## Your goal:
Pictures aside, the data must be reproduced exactly.

## Supplied data:
════════════════════
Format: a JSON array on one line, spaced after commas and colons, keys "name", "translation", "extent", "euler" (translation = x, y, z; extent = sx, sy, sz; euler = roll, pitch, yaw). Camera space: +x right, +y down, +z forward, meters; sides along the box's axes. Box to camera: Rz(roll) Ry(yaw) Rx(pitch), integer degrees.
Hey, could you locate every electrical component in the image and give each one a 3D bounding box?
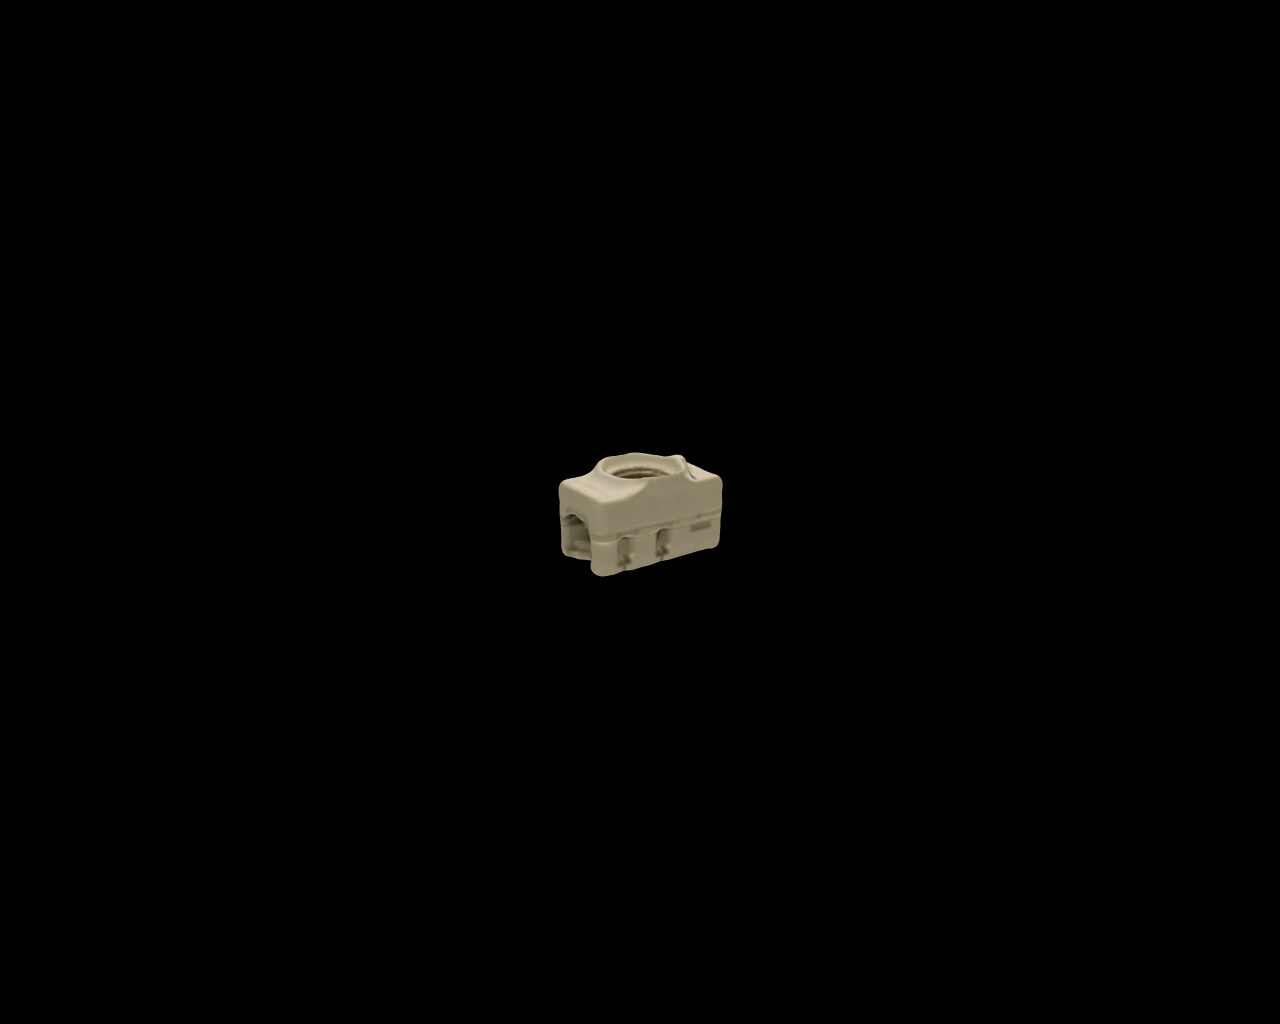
[{"name": "electrical component", "translation": [0.001, -0.003, 0.650], "extent": [0.090, 0.055, 0.050], "euler": [-12, 23, -31]}]
════════════════════
## Output for this task:
Format: a JSON array on one line, spaced after commas and colons, keys "name", "translation", "extent", "euler" (translation = x, y, z; extent = sx, sy, sz; euler = roll, pitch, yaw). Camera space: +x right, +y down, +z forward, meters; sides along the box's axes. Box to camera: Rz(roll) Ry(yaw) Rx(pitch), integer degrees.
Hey, could you locate every electrical component in the image and give each one a 3D bounding box?
[{"name": "electrical component", "translation": [0.001, -0.003, 0.650], "extent": [0.090, 0.055, 0.050], "euler": [-12, 23, -31]}]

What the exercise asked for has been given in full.